Dataset extract
^^^^
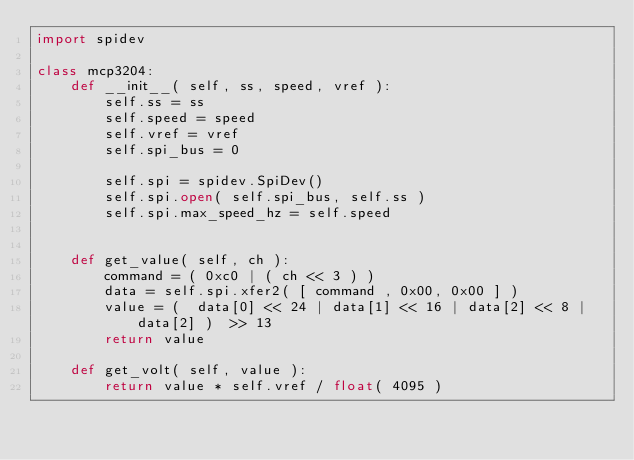Convert code to text. <code><loc_0><loc_0><loc_500><loc_500><_Python_>import spidev

class mcp3204:
    def __init__( self, ss, speed, vref ):
        self.ss = ss
        self.speed = speed
        self.vref = vref
        self.spi_bus = 0
        
        self.spi = spidev.SpiDev()
        self.spi.open( self.spi_bus, self.ss )
        self.spi.max_speed_hz = self.speed
        
        
    def get_value( self, ch ):
        command = ( 0xc0 | ( ch << 3 ) ) 
        data = self.spi.xfer2( [ command , 0x00, 0x00 ] )
        value = (  data[0] << 24 | data[1] << 16 | data[2] << 8 | data[2] )  >> 13
        return value

    def get_volt( self, value ):
        return value * self.vref / float( 4095 )


</code> 
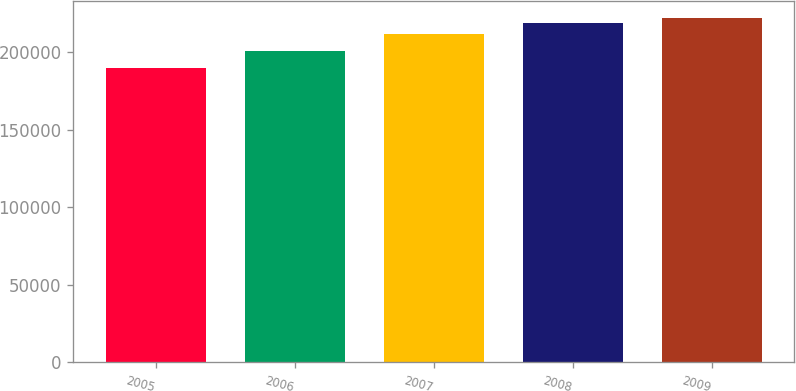<chart> <loc_0><loc_0><loc_500><loc_500><bar_chart><fcel>2005<fcel>2006<fcel>2007<fcel>2008<fcel>2009<nl><fcel>190000<fcel>201000<fcel>212000<fcel>219000<fcel>222200<nl></chart> 
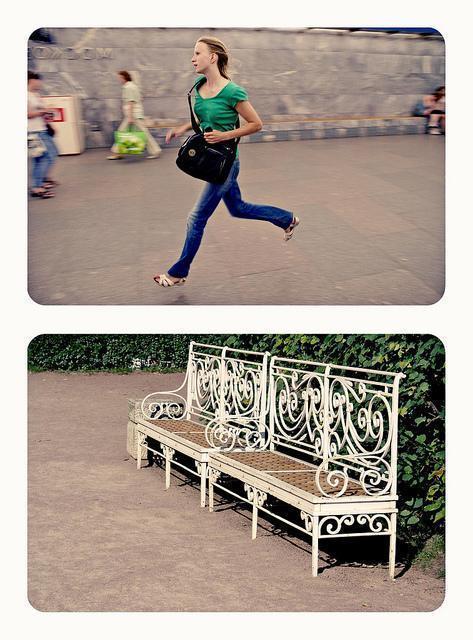Which country invented free public benches?
Make your selection from the four choices given to correctly answer the question.
Options: Belgium, france, america, italy. France. 
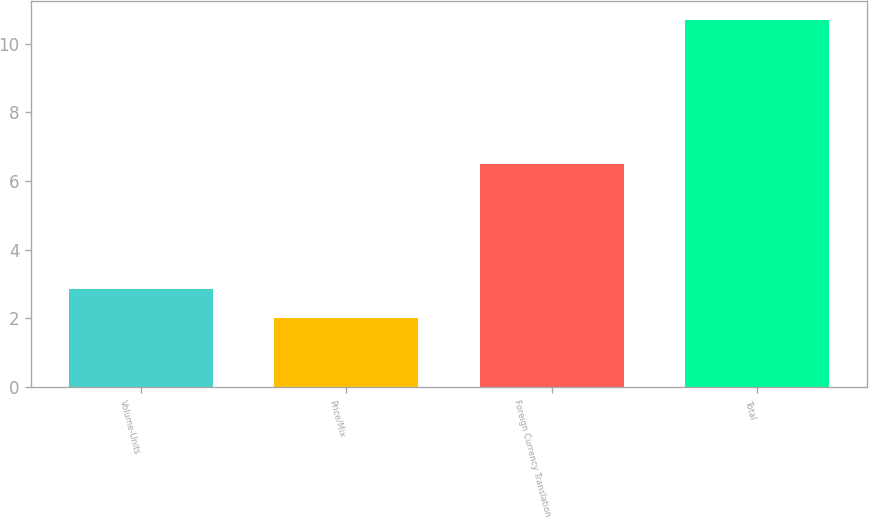<chart> <loc_0><loc_0><loc_500><loc_500><bar_chart><fcel>Volume-Units<fcel>Price/Mix<fcel>Foreign Currency Translation<fcel>Total<nl><fcel>2.87<fcel>2<fcel>6.5<fcel>10.7<nl></chart> 
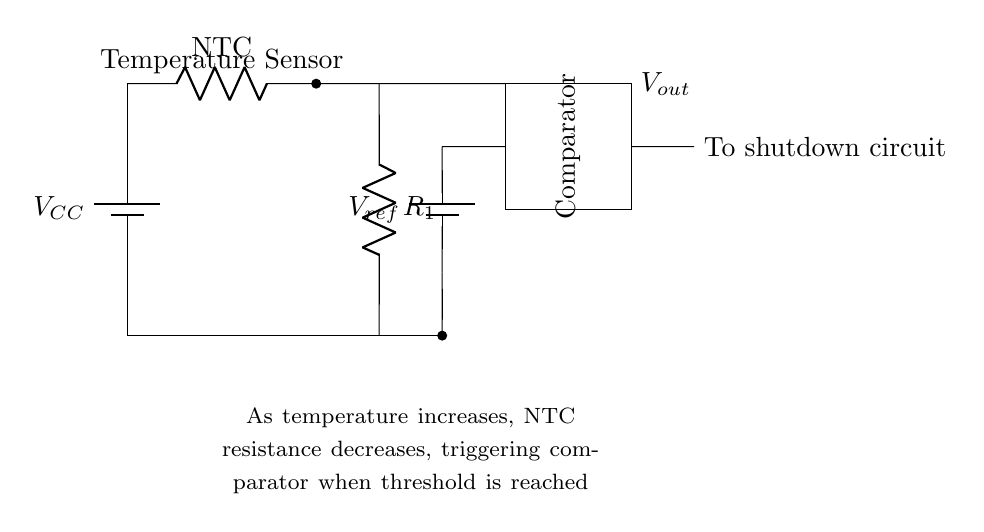What type of circuit is represented? The circuit is a thermal protection circuit designed to monitor temperature and trigger a shutdown under certain conditions.
Answer: Thermal protection circuit What is the role of the thermistor? The thermistor (NTC) decreases resistance as temperature increases, allowing it to act as a temperature sensor in the circuit.
Answer: Temperature sensor What component provides the reference voltage? The reference voltage is provided by the battery labeled as V ref, which sets a threshold for the comparator to trigger.
Answer: V ref How does the comparator operate in this circuit? The comparator compares the voltage from the voltage divider (R1 and thermistor) to the reference voltage when the NTC resistance changes with temperature. If the voltage exceeds V ref, it triggers a shutdown circuit.
Answer: It compares voltages What happens when the temperature exceeds the threshold? When the temperature exceeds the threshold set by the reference voltage, the comparator outputs a signal that activates the shutdown circuit to protect the system.
Answer: Activates shutdown circuit What happens to the NTC resistance as temperature increases? The NTC resistance decreases with increasing temperature, enabling the comparator to respond to temperature variations.
Answer: Decreases What voltage does the battery labeled VCC represent? The battery labeled VCC represents the supply voltage for the circuit components to operate, which is not specified in the diagram but is crucial for the circuit's functionality.
Answer: Supply voltage 
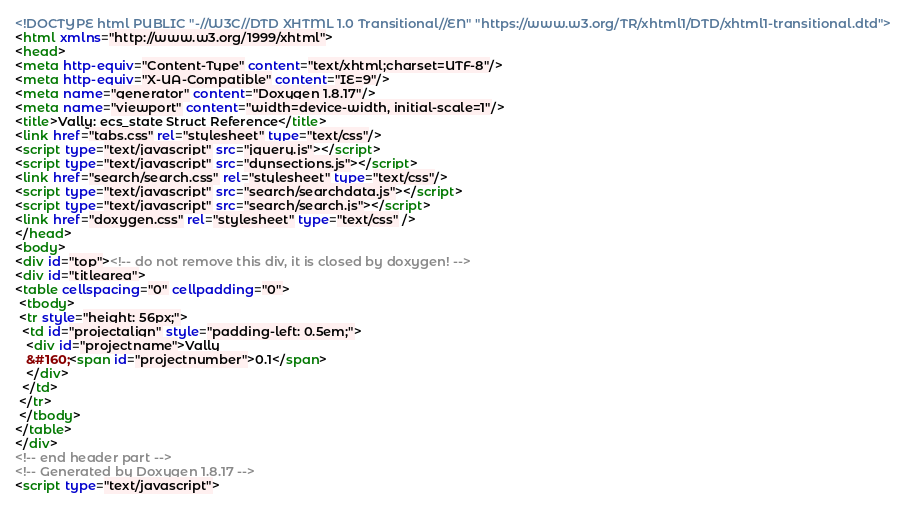<code> <loc_0><loc_0><loc_500><loc_500><_HTML_><!DOCTYPE html PUBLIC "-//W3C//DTD XHTML 1.0 Transitional//EN" "https://www.w3.org/TR/xhtml1/DTD/xhtml1-transitional.dtd">
<html xmlns="http://www.w3.org/1999/xhtml">
<head>
<meta http-equiv="Content-Type" content="text/xhtml;charset=UTF-8"/>
<meta http-equiv="X-UA-Compatible" content="IE=9"/>
<meta name="generator" content="Doxygen 1.8.17"/>
<meta name="viewport" content="width=device-width, initial-scale=1"/>
<title>Vally: ecs_state Struct Reference</title>
<link href="tabs.css" rel="stylesheet" type="text/css"/>
<script type="text/javascript" src="jquery.js"></script>
<script type="text/javascript" src="dynsections.js"></script>
<link href="search/search.css" rel="stylesheet" type="text/css"/>
<script type="text/javascript" src="search/searchdata.js"></script>
<script type="text/javascript" src="search/search.js"></script>
<link href="doxygen.css" rel="stylesheet" type="text/css" />
</head>
<body>
<div id="top"><!-- do not remove this div, it is closed by doxygen! -->
<div id="titlearea">
<table cellspacing="0" cellpadding="0">
 <tbody>
 <tr style="height: 56px;">
  <td id="projectalign" style="padding-left: 0.5em;">
   <div id="projectname">Vally
   &#160;<span id="projectnumber">0.1</span>
   </div>
  </td>
 </tr>
 </tbody>
</table>
</div>
<!-- end header part -->
<!-- Generated by Doxygen 1.8.17 -->
<script type="text/javascript"></code> 
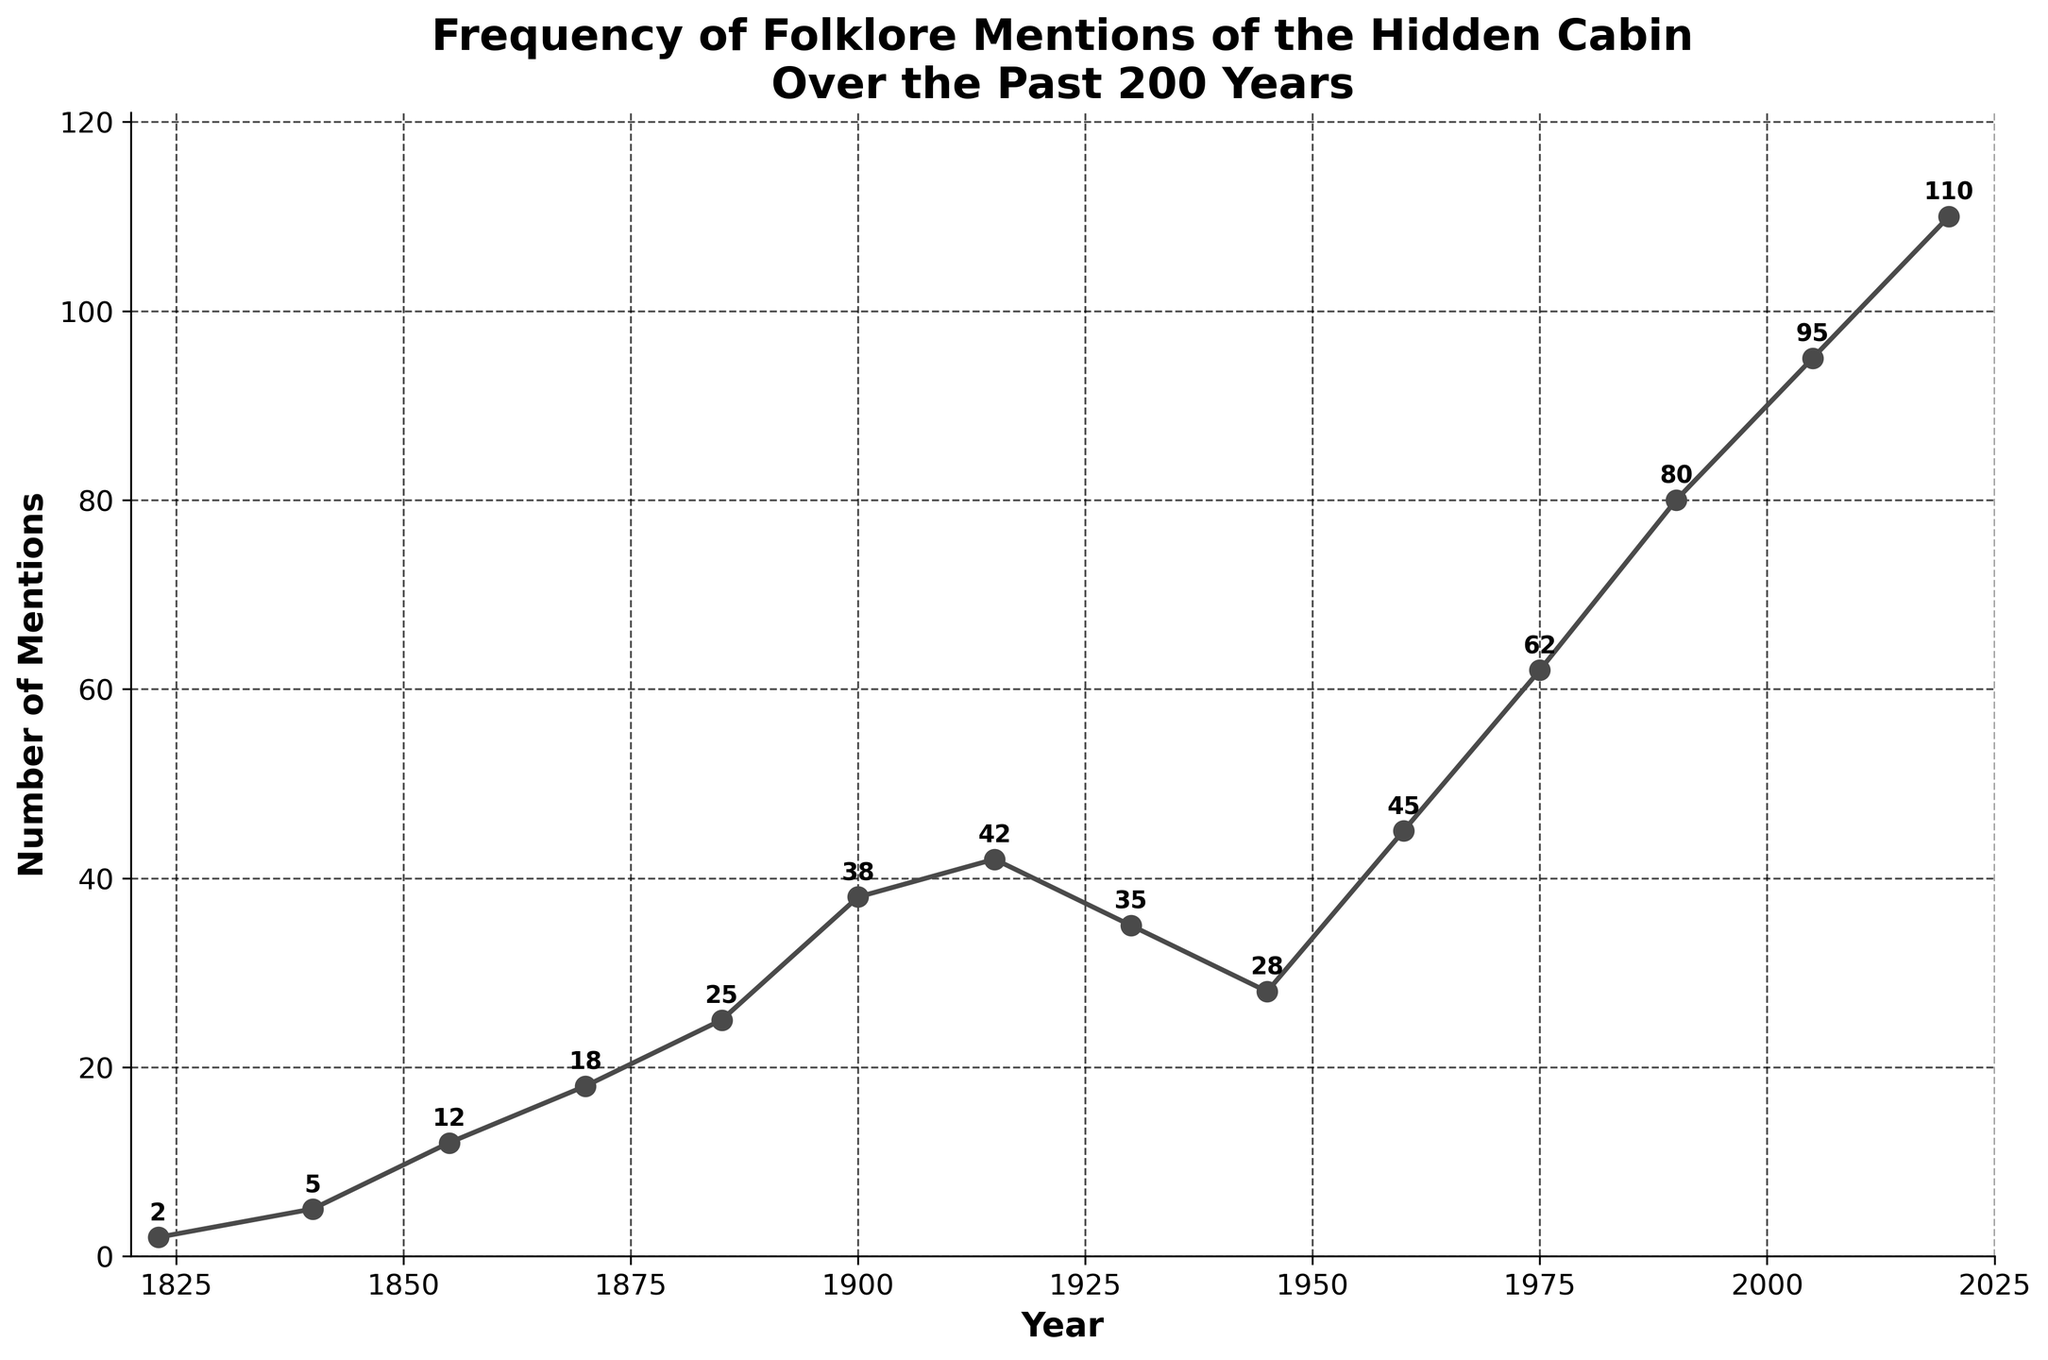What year saw the highest frequency of folklore mentions of the hidden cabin? The highest number of mentions is 110, which occurs in the year 2020.
Answer: 2020 Between 1960 and 1985, how much did the number of mentions increase by? In 1960, the mentions are 45, and in 1975, the mentions are 62. The increase from 45 to 62 is 62 - 45 = 17.
Answer: 17 Which two-year period experienced the steepest increase in mentions? From the data, the steepest increase is seen between 1985 (25 mentions) and 1900 (38 mentions), which is an increase of 38 - 25 = 13.
Answer: 1985 to 1900 How many times was the cabin mentioned in 1870 compared to 1823? In 1823, the mentions are 2, and in 1870, the mentions are 18. The ratio is 18 / 2 = 9 times.
Answer: 9 times What is the approximate average rate of increase in mentions per year between 1823 and 2020? The number of years between 1823 and 2020 is 2020 - 1823 = 197 years. The increase in mentions from 2 (1823) to 110 (2020) is 110 - 2 = 108. The average rate of increase per year is 108 / 197 ≈ 0.548.
Answer: 0.55 mentions per year Between which years does the plot show a decrease in the number of mentions? The data shows a decrease between 1915 and 1930 (42 to 35) and between 1930 and 1945 (35 to 28).
Answer: 1915 to 1930, 1930 to 1945 During which decade did the most rapid growth in mentions occur? From the data, the most rapid growth occurred between 1990 (80 mentions) and 2005 (95 mentions), which is an increase of 95 - 80 = 15 mentions in 15 years.
Answer: 1990 to 2005 How does the number of mentions in 1945 compare to 1823 and 2020? In 1823, there were 2 mentions, and in 2020, there were 110 mentions. In 1945, there were 28 mentions. Therefore, 1945 saw significantly more mentions than in 1823 (26 more) but significantly fewer than in 2020 (82 fewer).
Answer: More than 1823, fewer than 2020 What is the total number of mentions between 1855 and 1930? Adding the mentions between 1855 (12), 1870 (18), 1885 (25), 1900 (38), and 1930 (35), we get 12 + 18 + 25 + 38 + 35 = 128.
Answer: 128 How many mentions were there in the first 100 years (1823-1923), and in the second 100 years (1923-2020)? In the first 100 years: 1823 (2), 1840 (5), 1855 (12), 1870 (18), 1885 (25), 1900 (38), and 1915 (42). Sum: 2 + 5 + 12 + 18 + 25 + 38 + 42 = 142. In the second 100 years: 1930 (35), 1945 (28), 1960 (45), 1975 (62), 1990 (80), 2005 (95), and 2020 (110). Sum: 35 + 28 + 45 + 62 + 80 + 95 + 110 = 455.
Answer: First 100 years: 142, second 100 years: 455
^^^^
About this exercise
Without any picture, return exactly the lines of the records above from the first through the line that contains "What type of".

Expected output
Convert code to text. <code><loc_0><loc_0><loc_500><loc_500><_Python_>import spidev

class mcp3204:
    def __init__( self, ss, speed, vref ):
        self.ss = ss
        self.speed = speed
        self.vref = vref
        self.spi_bus = 0
        
        self.spi = spidev.SpiDev()
        self.spi.open( self.spi_bus, self.ss )
        self.spi.max_speed_hz = self.speed
        
        
    def get_value( self, ch ):
        command = ( 0xc0 | ( ch << 3 ) ) 
        data = self.spi.xfer2( [ command , 0x00, 0x00 ] )
        value = (  data[0] << 24 | data[1] << 16 | data[2] << 8 | data[2] )  >> 13
        return value

    def get_volt( self, value ):
        return value * self.vref / float( 4095 )


</code> 
<chart> <loc_0><loc_0><loc_500><loc_500><bar_chart><fcel>2005<fcel>2006<fcel>2007<fcel>2008<fcel>2009<nl><fcel>190000<fcel>201000<fcel>212000<fcel>219000<fcel>222200<nl></chart> 
Which country invented free public benches?
Make your selection from the four choices given to correctly answer the question.
Options: Belgium, france, america, italy. France. 
<chart> <loc_0><loc_0><loc_500><loc_500><bar_chart><fcel>Volume-Units<fcel>Price/Mix<fcel>Foreign Currency Translation<fcel>Total<nl><fcel>2.87<fcel>2<fcel>6.5<fcel>10.7<nl></chart> 
What type of circuit is represented? The circuit is a thermal protection circuit designed to monitor temperature and trigger a shutdown under certain conditions.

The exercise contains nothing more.